As I got out of the car, I noticed a group of women talking nearby.  They waved politely as they witnessed Superdad get kids “A” and “B” out of the car and swiftly set up the running stroller.  All this mind you, while baby was still happily giggling in her car seat.
It was at that point that I noticed the flat tires on the stroller.  With fists on hips, I raised my face towards the noon sun and laughed heartily out loud.  Superman may have needed a phone booth, but not this guy.  After all, Superdad had remembered to bring the electric air pump.  Your flat tires were no match for my superior powers of preparedness!
What I hadn’t accounted for though, was the thundering racket that the pump made when turned on.  So obnoxious, in fact, that it terrified baby.  Laughter instantly turned to ear-piercing scream.  A scream that clearly echoed through the same crowded parking lot in which restless kids “A” and “B” were now running wildly amok. 
Then, my cell phone rang.
As I stood to grab the phone and scold my scampering brood, I proceeded to smash the nosepiece of my sunglasses into the handbrake on the stroller.  Pain, as well as many of the decorative words that I had learned in various locker rooms, swam uncontrollably downstream from throbbing nose to unfiltered mouth.  Squinting in agony, I immediately barked at my darling offspring like the crotchety old man telling the neighborhood kids to get off his lawn.  Missing were my shillelagh and weathered fedora.

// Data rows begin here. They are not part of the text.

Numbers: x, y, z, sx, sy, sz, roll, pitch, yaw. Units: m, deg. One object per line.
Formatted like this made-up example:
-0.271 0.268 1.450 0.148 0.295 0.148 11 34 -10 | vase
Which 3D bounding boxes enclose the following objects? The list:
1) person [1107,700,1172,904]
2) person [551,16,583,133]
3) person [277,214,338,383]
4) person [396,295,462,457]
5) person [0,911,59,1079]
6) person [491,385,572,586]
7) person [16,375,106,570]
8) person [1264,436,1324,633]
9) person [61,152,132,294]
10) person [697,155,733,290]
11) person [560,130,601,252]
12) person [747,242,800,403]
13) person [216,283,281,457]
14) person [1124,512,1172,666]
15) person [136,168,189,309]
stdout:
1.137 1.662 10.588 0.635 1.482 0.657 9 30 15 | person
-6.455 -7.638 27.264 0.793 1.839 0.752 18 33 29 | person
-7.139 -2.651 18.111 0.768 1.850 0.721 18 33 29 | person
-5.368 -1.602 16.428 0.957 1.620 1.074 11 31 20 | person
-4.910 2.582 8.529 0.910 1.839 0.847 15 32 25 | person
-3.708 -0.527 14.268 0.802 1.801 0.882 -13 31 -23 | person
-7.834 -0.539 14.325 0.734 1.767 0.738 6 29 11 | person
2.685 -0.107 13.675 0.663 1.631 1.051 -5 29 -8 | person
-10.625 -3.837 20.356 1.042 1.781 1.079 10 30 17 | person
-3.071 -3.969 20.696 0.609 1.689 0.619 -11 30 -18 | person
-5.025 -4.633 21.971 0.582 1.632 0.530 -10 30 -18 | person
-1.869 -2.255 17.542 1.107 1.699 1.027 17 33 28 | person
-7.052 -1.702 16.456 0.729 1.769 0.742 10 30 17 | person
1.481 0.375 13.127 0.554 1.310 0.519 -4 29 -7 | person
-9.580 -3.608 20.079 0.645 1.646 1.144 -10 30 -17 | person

As my eyesight returned, I immediately looked around for potential witnesses.  That same group of women had stopped talking and just stared.  Sunglasses skewed ninety degrees in the wrong direction, feral children galloping about, baby screaming…all with blood and tears trickling from my swollen beak.  Add to that the intolerable sound of that pump still churning away in the background, setting the appropriate “Symphony of Pandemonium” ambiance. 
Smoothness personified in just under ten seconds.

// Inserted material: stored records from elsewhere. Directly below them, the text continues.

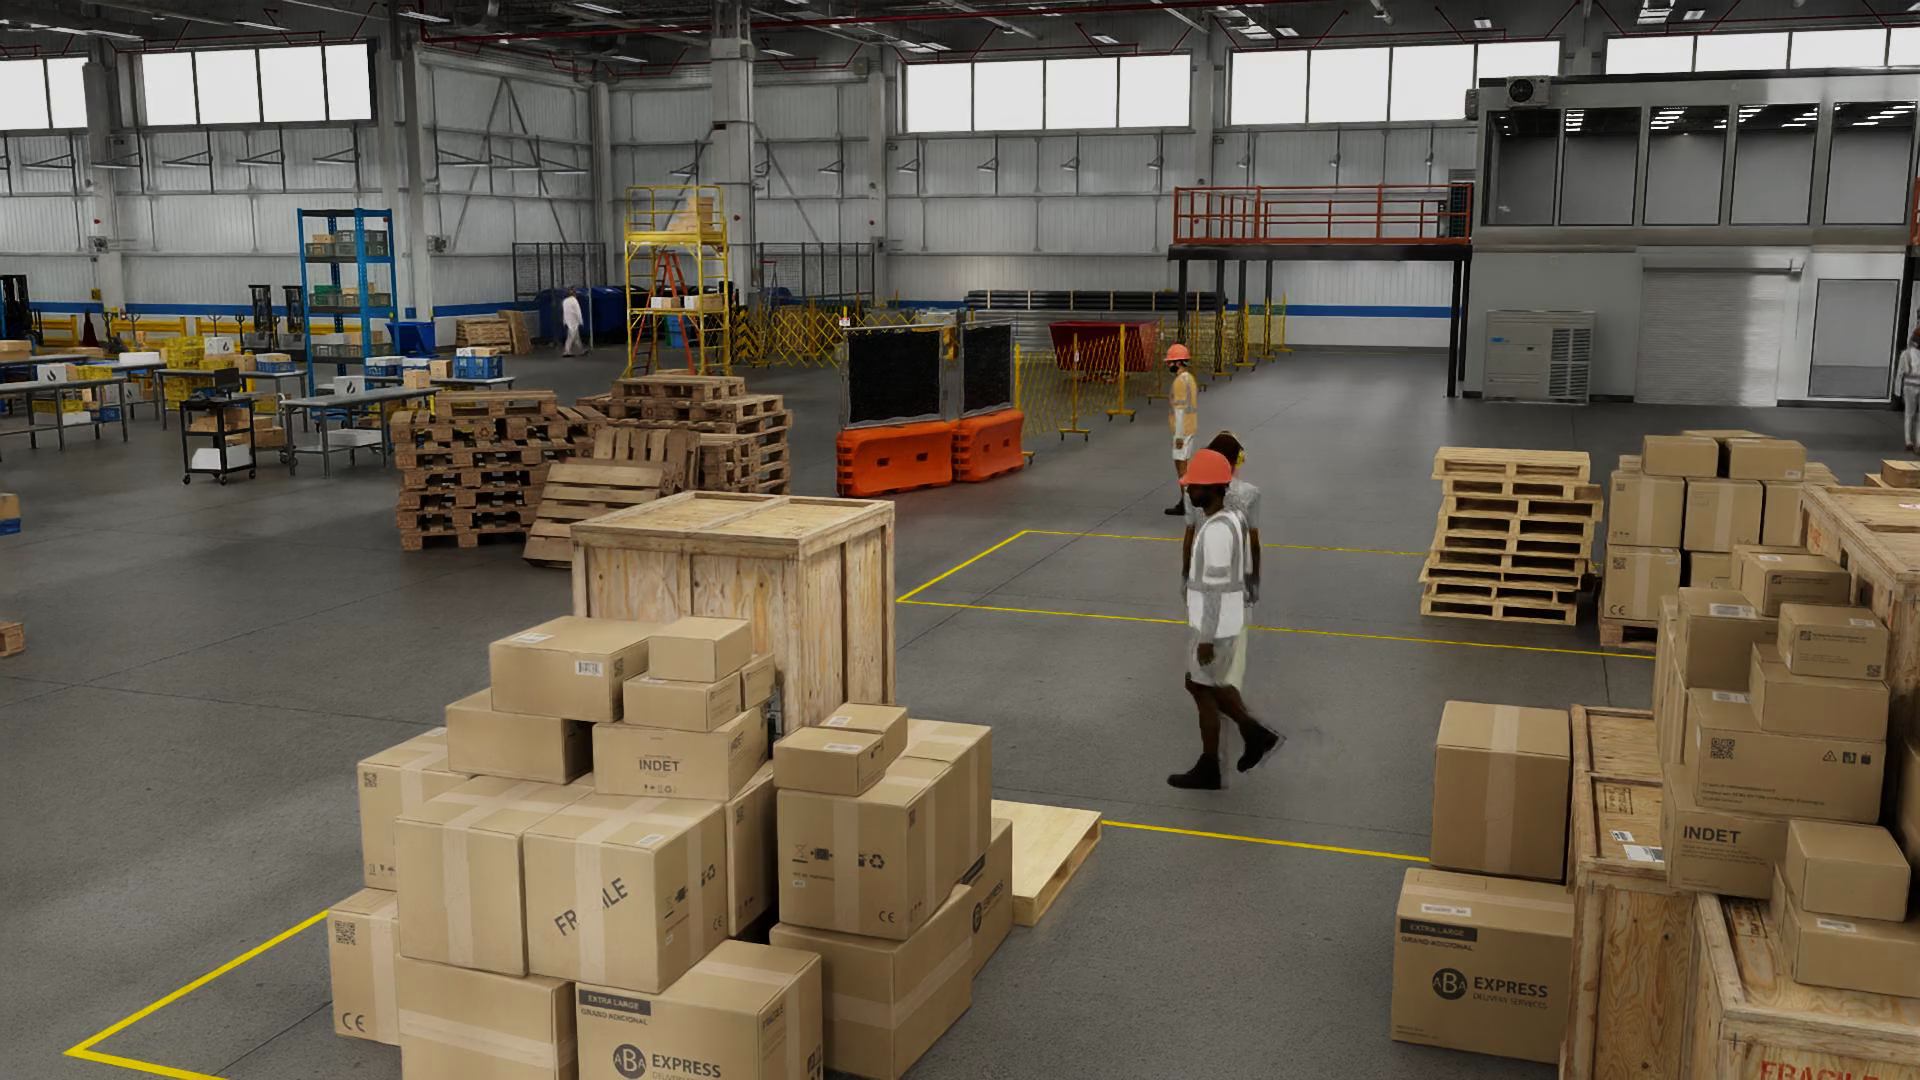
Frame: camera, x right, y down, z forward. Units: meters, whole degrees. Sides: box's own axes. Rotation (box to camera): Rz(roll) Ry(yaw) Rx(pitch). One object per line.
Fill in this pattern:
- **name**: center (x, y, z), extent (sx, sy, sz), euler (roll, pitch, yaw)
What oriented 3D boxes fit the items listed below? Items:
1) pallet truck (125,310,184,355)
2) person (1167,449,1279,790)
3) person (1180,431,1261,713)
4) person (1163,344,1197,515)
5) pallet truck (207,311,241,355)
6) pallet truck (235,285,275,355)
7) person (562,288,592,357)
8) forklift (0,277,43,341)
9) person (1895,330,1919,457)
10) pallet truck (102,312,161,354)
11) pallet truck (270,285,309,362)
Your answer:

Cringe event number two took place twenty-four hours later.  We took the kids hiking for the day in the mountains.  About halfway up the ascent, I took note of the shear drop off from the sides of the trail.  Having my nine month old daughter strapped in a carrier, I decided that use of a walking stick was probably in our best interest.  At this point, I wasn’t particularly interested in being the world’s first father-infant daughter BASE jumping tandem.
At the top, we stopped for a break.  I propped my stick against a wall and bent down to unbuckle the baby carrier.  Really, a skilled marksman couldn’t have sighted it any better.  The stick slid off of the wall and right into the nosepiece of my sunglasses.  I’m pretty sure that I heard a twenty-strong chorus of groans to accompany the event.   Ego and nose still painfully bruised from the day before, I mumbled through the remainder of my offensive vocabulary before ripping the sunglasses from my bottom lip.  The only thing that kept me from heaving them deep into the wilderness below was the lecture that I would have received from my four year old standing nearby.  “You littered.  You’re going to jail!”

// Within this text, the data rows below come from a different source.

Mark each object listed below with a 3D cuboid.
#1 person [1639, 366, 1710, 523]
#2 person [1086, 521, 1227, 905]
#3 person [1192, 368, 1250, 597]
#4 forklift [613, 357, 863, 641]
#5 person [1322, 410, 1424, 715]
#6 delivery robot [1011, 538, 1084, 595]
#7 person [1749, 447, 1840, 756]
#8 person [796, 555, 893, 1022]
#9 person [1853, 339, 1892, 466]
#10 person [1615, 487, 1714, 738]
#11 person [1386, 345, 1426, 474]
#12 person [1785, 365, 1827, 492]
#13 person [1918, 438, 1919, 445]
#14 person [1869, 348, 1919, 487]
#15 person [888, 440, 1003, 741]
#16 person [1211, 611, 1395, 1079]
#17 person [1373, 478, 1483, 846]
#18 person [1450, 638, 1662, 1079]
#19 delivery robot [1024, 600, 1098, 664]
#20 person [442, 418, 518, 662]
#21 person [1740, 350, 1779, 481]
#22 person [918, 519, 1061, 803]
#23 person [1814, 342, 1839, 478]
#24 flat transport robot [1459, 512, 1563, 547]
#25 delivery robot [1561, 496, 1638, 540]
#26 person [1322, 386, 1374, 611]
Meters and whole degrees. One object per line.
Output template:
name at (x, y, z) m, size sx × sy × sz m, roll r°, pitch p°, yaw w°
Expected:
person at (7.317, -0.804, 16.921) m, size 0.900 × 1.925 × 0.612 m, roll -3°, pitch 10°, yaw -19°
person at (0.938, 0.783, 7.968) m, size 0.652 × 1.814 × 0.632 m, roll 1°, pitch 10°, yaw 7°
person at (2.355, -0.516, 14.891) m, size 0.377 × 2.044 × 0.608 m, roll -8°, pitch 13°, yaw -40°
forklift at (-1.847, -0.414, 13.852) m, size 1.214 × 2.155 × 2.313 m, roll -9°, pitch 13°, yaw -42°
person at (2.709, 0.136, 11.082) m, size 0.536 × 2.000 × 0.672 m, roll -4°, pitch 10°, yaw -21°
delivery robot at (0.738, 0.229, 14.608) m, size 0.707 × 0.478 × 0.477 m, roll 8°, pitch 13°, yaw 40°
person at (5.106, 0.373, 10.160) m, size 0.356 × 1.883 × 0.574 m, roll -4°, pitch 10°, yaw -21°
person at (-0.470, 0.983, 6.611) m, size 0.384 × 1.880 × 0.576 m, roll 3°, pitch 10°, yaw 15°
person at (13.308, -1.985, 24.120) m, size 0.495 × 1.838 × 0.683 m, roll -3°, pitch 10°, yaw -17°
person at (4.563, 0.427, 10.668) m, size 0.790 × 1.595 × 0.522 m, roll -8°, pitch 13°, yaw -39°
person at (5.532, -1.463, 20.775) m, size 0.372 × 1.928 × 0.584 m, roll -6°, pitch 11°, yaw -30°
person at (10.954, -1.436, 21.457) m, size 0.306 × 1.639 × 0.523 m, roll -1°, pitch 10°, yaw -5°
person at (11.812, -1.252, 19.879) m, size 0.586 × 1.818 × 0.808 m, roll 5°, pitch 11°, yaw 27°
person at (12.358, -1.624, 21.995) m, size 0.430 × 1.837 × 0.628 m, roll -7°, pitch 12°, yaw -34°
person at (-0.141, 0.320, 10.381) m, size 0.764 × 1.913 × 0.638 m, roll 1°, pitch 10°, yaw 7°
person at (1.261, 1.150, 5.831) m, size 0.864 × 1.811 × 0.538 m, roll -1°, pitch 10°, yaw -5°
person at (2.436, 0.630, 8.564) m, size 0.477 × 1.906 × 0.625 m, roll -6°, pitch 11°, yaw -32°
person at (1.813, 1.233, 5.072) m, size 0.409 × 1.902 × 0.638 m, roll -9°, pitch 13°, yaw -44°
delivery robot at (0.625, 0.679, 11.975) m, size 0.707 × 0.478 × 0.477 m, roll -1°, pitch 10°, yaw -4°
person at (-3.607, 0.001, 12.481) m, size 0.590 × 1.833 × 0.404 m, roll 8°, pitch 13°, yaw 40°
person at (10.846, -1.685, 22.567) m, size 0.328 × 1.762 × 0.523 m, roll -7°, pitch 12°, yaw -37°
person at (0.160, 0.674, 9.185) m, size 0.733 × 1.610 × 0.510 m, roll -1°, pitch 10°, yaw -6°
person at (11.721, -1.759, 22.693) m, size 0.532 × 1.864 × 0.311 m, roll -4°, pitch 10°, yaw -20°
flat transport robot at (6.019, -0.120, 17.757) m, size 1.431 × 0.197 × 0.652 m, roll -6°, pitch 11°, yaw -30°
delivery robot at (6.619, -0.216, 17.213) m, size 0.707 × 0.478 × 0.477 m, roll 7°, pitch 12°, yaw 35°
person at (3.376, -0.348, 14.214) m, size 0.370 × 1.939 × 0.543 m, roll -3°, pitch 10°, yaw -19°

The sunglasses have now been sent to the Institute for the Modishly-Impaired.  I anticipate the test results will confirm my theory that the nosepiece is made from the exact same magnetic material as is found in my toes.  I’ve been known to smash toes in the same weekend, even the same day.  However, this was a first for the nose.  It had to be the sunglasses. 
So, where does this leave me and my shades?  Hipness enabler or danger magnet?  GQ advertisement or Plastic Surgery Weekly? 
For now, I’ve opted to keep the sunglasses.  They may be a reprehensible maiming hazard, but they’re still functional.  This, even after the skin and dried blood were washed from them.  Public humiliation may have dimmed those brief flickers of “smoothness”, but I’ll continue to strive for that full package status.  For now, no phone booths required. 
Although a part of me is beginning to wonder if these types of scenarios are what led Superman to totally disregard the trendy eyewear fad.